Maybe y'all could speed up the process by using two DVD drives, only it depends on the hardware you lot accept available. A PC tower could take two internal DVD drives, but you would probably have to purchase and install them.
Alternatively, you could buy one or ii external DVD drives and plug them into USB ports, or into a powered USB hub. (Not every USB port provides enough power to run a DVD that doesn't accept its own power supply.) With two drives, you can load a DVD in i drive while the other drive is copying files.
After that, information technology would be a boon to have some software to notice discs and copy the files automatically. This avoids waiting for the file directory to announced, highlighting the files you want, and dragging them to your hard bulldoze.

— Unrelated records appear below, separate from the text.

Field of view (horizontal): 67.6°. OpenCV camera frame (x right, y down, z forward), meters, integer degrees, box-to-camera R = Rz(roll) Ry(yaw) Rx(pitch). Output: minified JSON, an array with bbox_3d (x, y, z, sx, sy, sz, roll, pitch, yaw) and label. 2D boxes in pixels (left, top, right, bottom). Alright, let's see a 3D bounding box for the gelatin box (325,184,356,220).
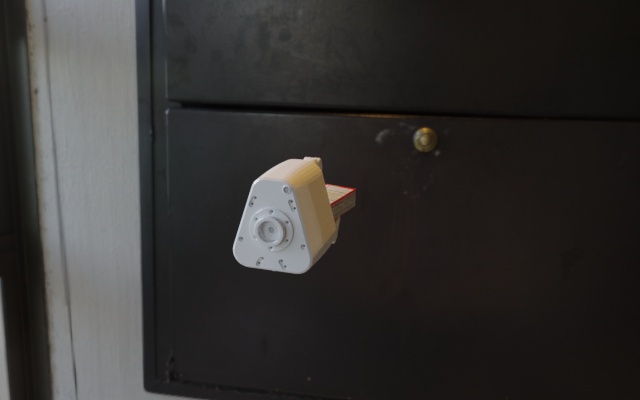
[{"bbox_3d":[0.000,0.002,0.680,0.073,0.030,0.089,10,20,26],"label":"gelatin box"}]
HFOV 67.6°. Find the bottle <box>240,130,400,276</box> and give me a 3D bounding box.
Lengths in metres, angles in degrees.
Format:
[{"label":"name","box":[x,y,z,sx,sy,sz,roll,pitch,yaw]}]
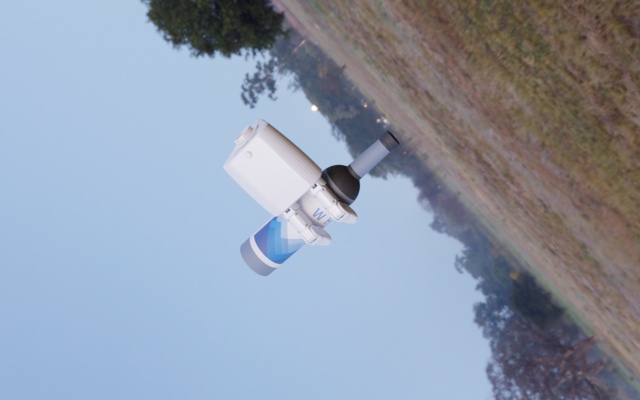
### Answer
[{"label":"bottle","box":[0.000,0.003,0.729,0.296,0.069,0.069,-42,-15,17]}]
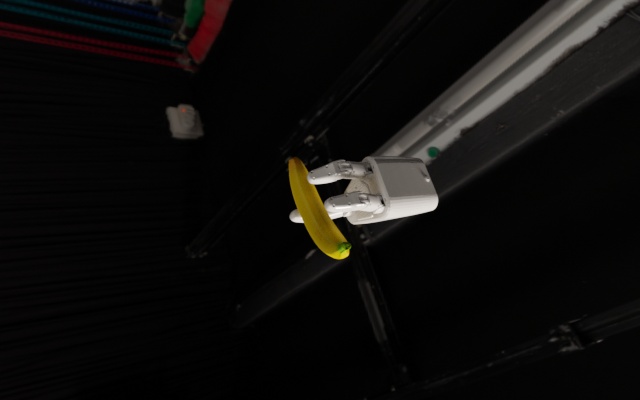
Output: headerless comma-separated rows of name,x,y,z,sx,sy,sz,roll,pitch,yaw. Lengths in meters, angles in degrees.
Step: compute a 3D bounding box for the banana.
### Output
banana,-0.002,0.019,0.686,0.037,0.070,0.197,-9,44,-26
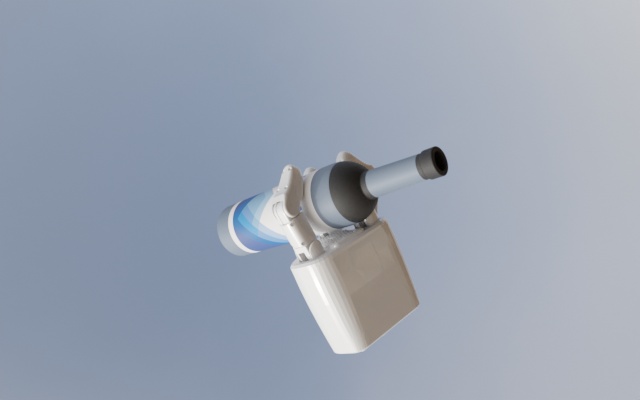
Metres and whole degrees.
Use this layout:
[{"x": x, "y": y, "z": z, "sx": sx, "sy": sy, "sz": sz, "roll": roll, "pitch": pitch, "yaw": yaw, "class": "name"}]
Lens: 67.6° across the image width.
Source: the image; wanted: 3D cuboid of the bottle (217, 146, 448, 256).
[{"x": 0.000, "y": 0.002, "z": 0.512, "sx": 0.296, "sy": 0.069, "sz": 0.069, "roll": -19, "pitch": -13, "yaw": 41, "class": "bottle"}]
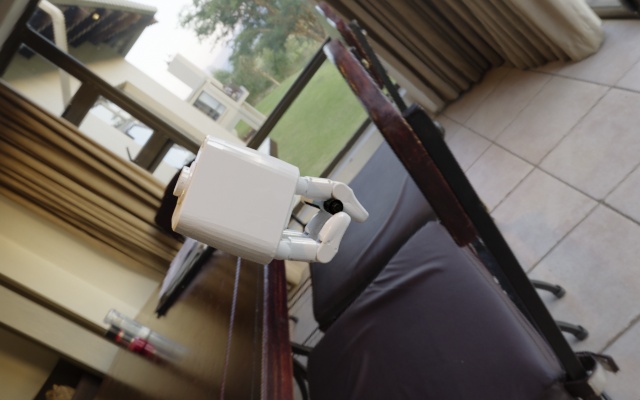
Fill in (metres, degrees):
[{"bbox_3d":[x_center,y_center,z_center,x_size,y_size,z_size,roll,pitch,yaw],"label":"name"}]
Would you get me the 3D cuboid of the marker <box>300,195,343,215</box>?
[{"bbox_3d":[0.000,0.002,0.581,0.020,0.020,0.121,0,6,-18],"label":"marker"}]
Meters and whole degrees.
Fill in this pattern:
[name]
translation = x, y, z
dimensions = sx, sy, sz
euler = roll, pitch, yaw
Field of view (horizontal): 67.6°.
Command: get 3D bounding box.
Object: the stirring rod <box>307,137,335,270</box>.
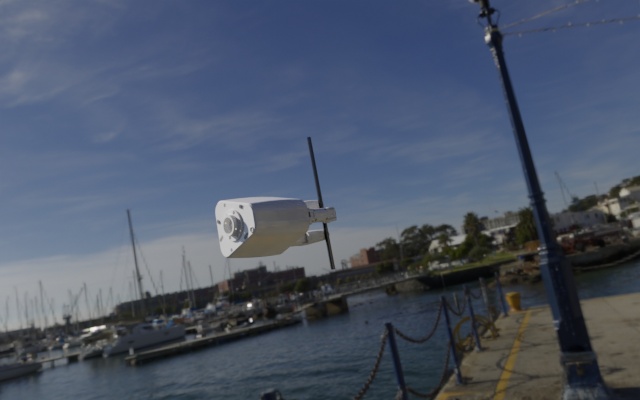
[stirring rod]
translation = 0.000, 0.003, 0.845
dimensions = 0.011, 0.239, 0.011
euler = -10, -9, -2
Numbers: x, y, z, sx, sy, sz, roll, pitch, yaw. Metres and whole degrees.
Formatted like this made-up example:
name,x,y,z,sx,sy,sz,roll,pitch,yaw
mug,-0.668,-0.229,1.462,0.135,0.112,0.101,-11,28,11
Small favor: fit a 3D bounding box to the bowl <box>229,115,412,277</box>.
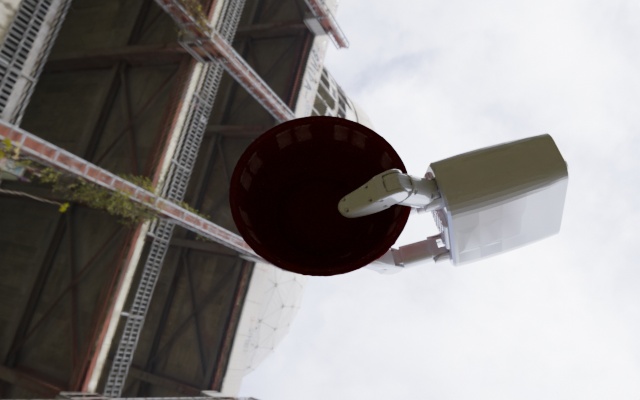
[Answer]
name,x,y,z,sx,sy,sz,roll,pitch,yaw
bowl,-0.001,0.002,0.444,0.162,0.162,0.055,0,-28,0
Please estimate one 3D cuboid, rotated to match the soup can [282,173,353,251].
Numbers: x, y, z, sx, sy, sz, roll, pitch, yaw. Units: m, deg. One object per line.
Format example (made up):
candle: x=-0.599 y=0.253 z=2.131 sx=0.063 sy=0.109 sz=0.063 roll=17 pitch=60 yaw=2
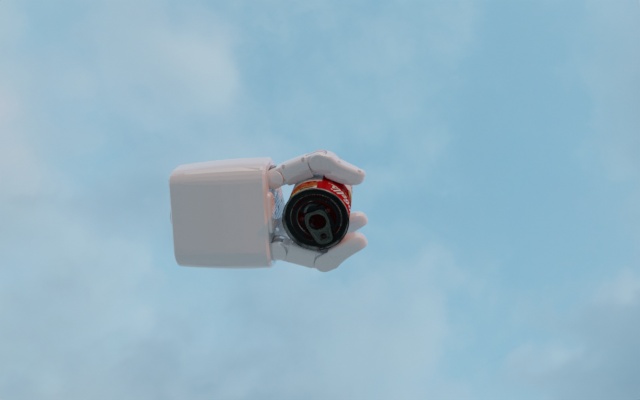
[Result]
soup can: x=0.001 y=0.001 z=0.520 sx=0.068 sy=0.068 sz=0.102 roll=0 pitch=21 yaw=6
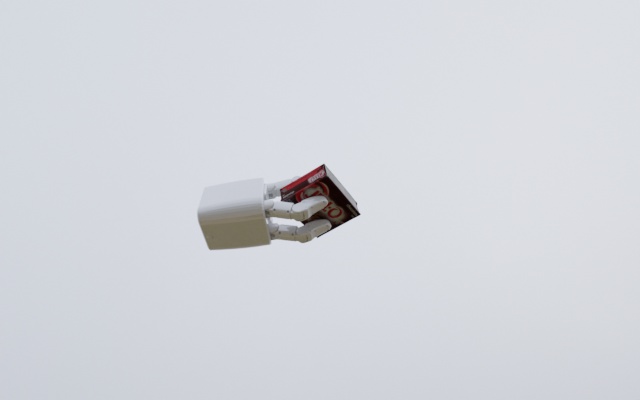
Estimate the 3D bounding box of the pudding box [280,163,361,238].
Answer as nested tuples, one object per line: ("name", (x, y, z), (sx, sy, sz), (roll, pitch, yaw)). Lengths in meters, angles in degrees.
("pudding box", (0.000, 0.003, 0.793), (0.090, 0.039, 0.113), (-29, -48, 18))
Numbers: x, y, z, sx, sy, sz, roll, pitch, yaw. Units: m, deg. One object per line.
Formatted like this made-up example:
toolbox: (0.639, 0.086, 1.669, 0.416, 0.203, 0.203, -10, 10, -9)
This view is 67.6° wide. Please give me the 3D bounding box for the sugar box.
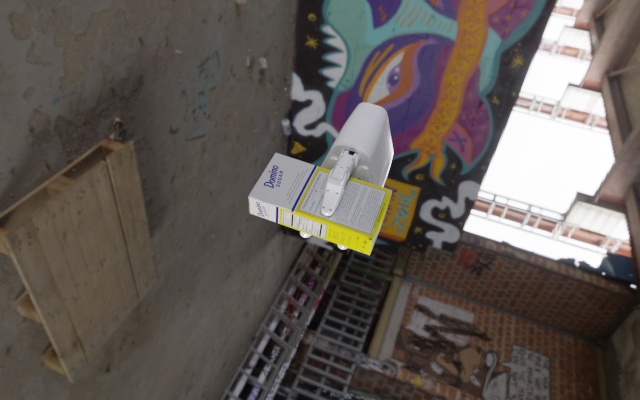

Perfect Automation has a utility that does the job well. You bank check the box for "Copy a lot of CD/DVDs automatically" and start feeding it discs. It copies each one to a new folder that it creates on your hard drive (CDDVD1, CDDVD2 etc), so pops out the DVD tray for the next disc. It'due south a small (219K), free program and doesn't demand to be installed, so information technology's worth a try.
I also tried Averk's gratuitous AutoCopy ii, which is fifty-fifty smaller at 184KB. Averk had much the same problem as you – he wanted to motion more than than 100 CDs to a difficult drive – and wrote a piffling utility to do it. Different Perfect Automation's program, AutoCopy 2 includes a countdown timer. While its copying took longer than Perfect Automation on my system, I found that both were faster and more than reliable than doing information technology manually.
Format issues
The first task is to copy all the DVDs to a difficult bulldoze and, patently, to a backup difficult drive: y'all don't want to do this job twice. You can worry nearly file formats later.
Over the long term, the best choices are normally the about common formats, especially if they are ratified international standards. Given the cost of storage present, it'due south not worth converting files to more efficient, space-saving formats, because this takes time and may involve some loss of quality. I'thou leaving my jpg and png images, mp3 music, avi videos and other files in their original formats.
I'm converting some videos that were in less popular formats – such as wmv, mov, flv and rm – to mp4 with the H.264 codec, which is supported by processors (Intel Quick Sync Video) and virtually graphics cards. Programs such equally Wonderfox'southward Hd Video Converter Factory brand this very easy to do. You tin also reprocess old videos to remove colour casts, brand them expect sharper, correct faulty aspect ratios and "upscale" their resolution, though the results from my erstwhile VHS-C video camera volition never await skilful by today's standards.
Even DVD-quality movies are rarely worth the endeavor, unless they are of holidays, weddings, or your kids' birthday parties. DVDs have a resolution of 720 ten 480 pixels (American NTSC) or 720 x 540 (United kingdom PAL). Today, we live in a 1080p earth (1920 x 1080 pixels) on the mode to 4K (3840 x 2160). You tin probably watch the same videos in much higher quality on Netflix, Amazon Prime, BritBox, YouTube or some other streaming service.